Work instructions: Your answer is the lines below, exactly, from the one that contains "HFOV = 60.0 degrees." through the one that contains "- cardboard box (804,0,926,134)", both included.

(Stored items)
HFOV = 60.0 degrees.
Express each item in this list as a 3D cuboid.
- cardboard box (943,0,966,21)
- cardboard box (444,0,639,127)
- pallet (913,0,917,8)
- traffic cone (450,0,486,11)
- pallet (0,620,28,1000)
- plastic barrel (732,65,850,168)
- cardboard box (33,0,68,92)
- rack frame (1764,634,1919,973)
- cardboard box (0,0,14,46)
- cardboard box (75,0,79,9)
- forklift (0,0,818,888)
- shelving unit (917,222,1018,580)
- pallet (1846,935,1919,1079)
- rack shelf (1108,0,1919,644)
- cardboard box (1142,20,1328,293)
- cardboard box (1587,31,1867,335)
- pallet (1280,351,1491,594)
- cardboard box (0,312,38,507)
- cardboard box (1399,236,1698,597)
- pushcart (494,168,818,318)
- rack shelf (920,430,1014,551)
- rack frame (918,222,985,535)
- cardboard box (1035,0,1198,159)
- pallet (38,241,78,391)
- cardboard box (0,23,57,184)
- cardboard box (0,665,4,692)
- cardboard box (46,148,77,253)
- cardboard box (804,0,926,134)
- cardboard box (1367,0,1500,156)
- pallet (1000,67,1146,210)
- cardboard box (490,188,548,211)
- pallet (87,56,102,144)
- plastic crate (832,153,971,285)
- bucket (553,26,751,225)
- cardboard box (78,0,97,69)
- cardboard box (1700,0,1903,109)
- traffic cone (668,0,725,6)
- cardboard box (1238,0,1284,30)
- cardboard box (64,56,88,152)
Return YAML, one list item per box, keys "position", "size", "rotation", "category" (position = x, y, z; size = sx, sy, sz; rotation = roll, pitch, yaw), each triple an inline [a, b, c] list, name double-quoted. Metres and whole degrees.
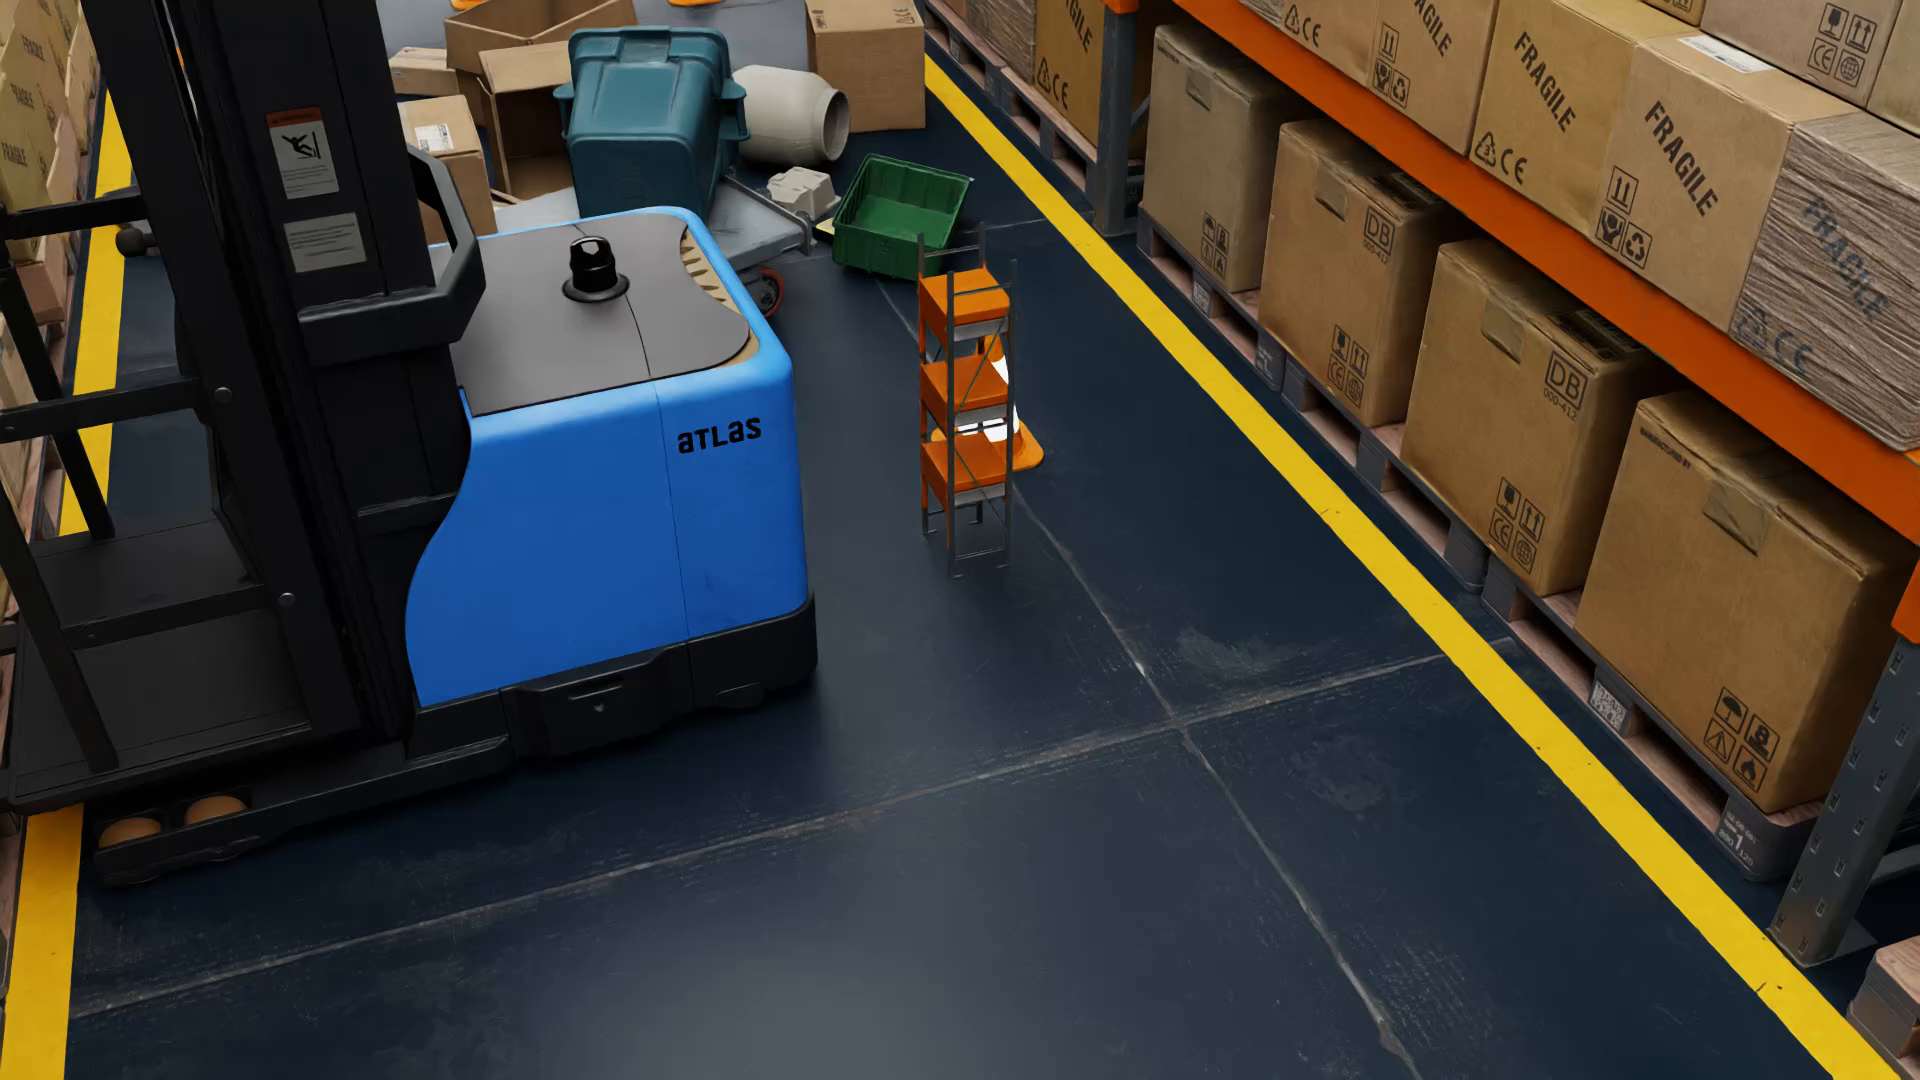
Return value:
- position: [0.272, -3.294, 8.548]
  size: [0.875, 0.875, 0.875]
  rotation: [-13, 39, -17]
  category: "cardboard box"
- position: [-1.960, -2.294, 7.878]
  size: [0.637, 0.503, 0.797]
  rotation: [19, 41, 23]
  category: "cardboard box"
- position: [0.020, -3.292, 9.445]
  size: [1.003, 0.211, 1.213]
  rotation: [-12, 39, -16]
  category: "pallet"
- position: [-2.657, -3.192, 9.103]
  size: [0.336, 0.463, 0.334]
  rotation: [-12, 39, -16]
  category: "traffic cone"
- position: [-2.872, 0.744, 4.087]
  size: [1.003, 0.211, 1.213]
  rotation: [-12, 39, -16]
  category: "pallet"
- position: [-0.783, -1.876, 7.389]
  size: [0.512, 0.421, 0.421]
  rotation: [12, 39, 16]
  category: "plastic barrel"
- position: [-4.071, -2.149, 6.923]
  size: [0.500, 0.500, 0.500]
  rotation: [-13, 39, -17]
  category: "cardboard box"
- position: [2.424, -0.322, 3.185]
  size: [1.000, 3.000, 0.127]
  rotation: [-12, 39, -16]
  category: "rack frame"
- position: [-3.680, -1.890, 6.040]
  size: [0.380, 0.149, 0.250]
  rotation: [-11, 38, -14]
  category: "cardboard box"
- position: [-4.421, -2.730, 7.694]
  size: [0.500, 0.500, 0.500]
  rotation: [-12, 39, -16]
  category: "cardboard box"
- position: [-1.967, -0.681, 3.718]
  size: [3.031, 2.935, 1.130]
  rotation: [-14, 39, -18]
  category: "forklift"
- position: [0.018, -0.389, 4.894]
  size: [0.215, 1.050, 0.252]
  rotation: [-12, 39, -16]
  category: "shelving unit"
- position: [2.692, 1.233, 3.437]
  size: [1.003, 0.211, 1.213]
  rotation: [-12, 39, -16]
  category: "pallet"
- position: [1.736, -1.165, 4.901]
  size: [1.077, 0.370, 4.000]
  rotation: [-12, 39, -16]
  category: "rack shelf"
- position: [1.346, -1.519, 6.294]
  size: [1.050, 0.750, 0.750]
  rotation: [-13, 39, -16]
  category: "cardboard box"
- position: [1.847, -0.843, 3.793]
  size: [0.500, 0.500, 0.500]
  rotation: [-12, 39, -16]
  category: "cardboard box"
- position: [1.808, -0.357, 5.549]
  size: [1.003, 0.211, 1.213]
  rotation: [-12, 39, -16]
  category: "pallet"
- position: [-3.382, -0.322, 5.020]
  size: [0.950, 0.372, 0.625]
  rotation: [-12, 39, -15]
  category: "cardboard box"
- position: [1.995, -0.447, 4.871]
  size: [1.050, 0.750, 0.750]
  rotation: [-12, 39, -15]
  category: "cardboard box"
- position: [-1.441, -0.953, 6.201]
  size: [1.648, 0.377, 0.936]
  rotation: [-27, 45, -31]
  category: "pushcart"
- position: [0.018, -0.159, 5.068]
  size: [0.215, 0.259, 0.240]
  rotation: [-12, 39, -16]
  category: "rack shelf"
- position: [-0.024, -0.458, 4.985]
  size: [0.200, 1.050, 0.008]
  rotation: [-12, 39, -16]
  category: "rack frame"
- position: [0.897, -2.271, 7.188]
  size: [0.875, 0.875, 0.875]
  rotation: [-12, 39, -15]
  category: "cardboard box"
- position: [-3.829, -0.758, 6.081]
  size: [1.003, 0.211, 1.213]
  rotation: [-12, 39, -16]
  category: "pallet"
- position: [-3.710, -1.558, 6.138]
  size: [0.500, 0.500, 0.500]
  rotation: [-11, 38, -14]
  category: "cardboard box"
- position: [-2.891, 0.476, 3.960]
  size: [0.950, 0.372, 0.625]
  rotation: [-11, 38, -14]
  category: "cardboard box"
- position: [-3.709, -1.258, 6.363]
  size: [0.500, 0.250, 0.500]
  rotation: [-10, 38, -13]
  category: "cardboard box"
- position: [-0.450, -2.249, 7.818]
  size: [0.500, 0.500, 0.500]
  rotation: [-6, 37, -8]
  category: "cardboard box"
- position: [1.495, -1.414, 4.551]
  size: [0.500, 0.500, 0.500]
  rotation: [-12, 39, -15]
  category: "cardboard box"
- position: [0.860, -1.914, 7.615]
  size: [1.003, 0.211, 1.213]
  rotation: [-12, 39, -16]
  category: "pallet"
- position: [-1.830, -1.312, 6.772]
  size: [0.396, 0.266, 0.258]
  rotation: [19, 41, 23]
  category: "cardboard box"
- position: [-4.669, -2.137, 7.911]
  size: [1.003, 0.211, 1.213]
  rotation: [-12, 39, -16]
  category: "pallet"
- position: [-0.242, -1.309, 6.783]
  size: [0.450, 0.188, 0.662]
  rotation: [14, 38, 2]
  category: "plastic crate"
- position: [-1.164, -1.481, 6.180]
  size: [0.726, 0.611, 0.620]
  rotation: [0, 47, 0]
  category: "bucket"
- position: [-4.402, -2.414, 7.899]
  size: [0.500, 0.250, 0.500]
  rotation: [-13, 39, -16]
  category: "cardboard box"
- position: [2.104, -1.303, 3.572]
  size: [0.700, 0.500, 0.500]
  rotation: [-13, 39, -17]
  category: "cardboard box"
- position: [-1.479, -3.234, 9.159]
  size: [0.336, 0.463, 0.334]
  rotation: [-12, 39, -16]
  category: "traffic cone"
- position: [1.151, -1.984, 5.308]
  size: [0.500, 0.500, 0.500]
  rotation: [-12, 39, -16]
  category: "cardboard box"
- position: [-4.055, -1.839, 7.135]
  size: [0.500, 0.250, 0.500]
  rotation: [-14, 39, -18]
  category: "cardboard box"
...
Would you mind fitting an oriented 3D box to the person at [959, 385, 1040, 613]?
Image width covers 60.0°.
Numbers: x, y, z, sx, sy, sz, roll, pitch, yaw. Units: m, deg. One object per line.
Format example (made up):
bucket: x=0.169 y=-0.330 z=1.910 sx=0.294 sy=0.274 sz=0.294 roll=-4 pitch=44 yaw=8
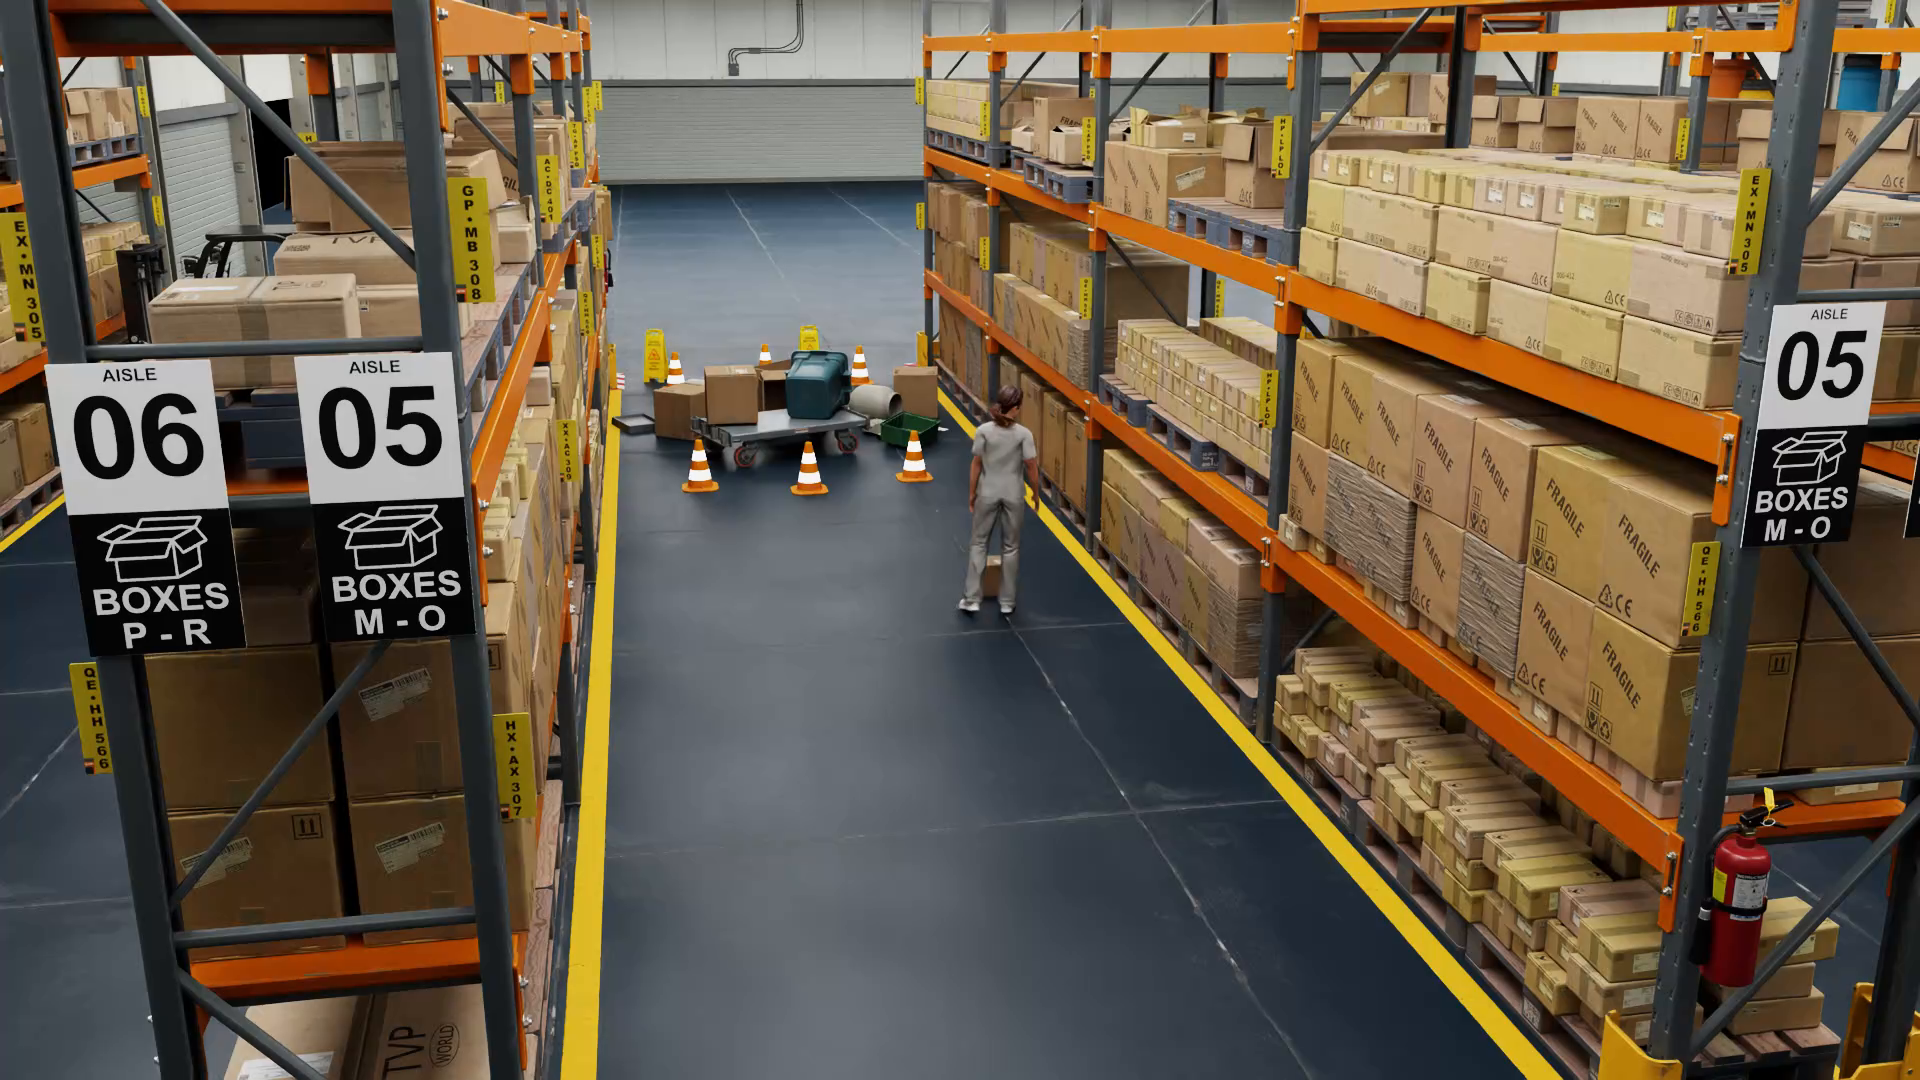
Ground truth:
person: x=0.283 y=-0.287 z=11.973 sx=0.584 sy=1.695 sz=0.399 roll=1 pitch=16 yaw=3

Solution to the exercise:
HFOV = 60.0 degrees.
Express each item in this list as a 3D cuboid.
- cardboard box (943,0,966,21)
- cardboard box (444,0,639,127)
- pallet (913,0,917,8)
- traffic cone (450,0,486,11)
- pallet (0,620,28,1000)
- plastic barrel (732,65,850,168)
- cardboard box (33,0,68,92)
- rack frame (1764,634,1919,973)
- cardboard box (0,0,14,46)
- cardboard box (75,0,79,9)
- forklift (0,0,818,888)
- shelving unit (917,222,1018,580)
- pallet (1846,935,1919,1079)
- rack shelf (1108,0,1919,644)
- cardboard box (1142,20,1328,293)
- cardboard box (1587,31,1867,335)
- pallet (1280,351,1491,594)
- cardboard box (0,312,38,507)
- cardboard box (1399,236,1698,597)
- pushcart (494,168,818,318)
- rack shelf (920,430,1014,551)
- rack frame (918,222,985,535)
- cardboard box (1035,0,1198,159)
- pallet (38,241,78,391)
- cardboard box (0,23,57,184)
- cardboard box (0,665,4,692)
- cardboard box (46,148,77,253)
- cardboard box (804,0,926,134)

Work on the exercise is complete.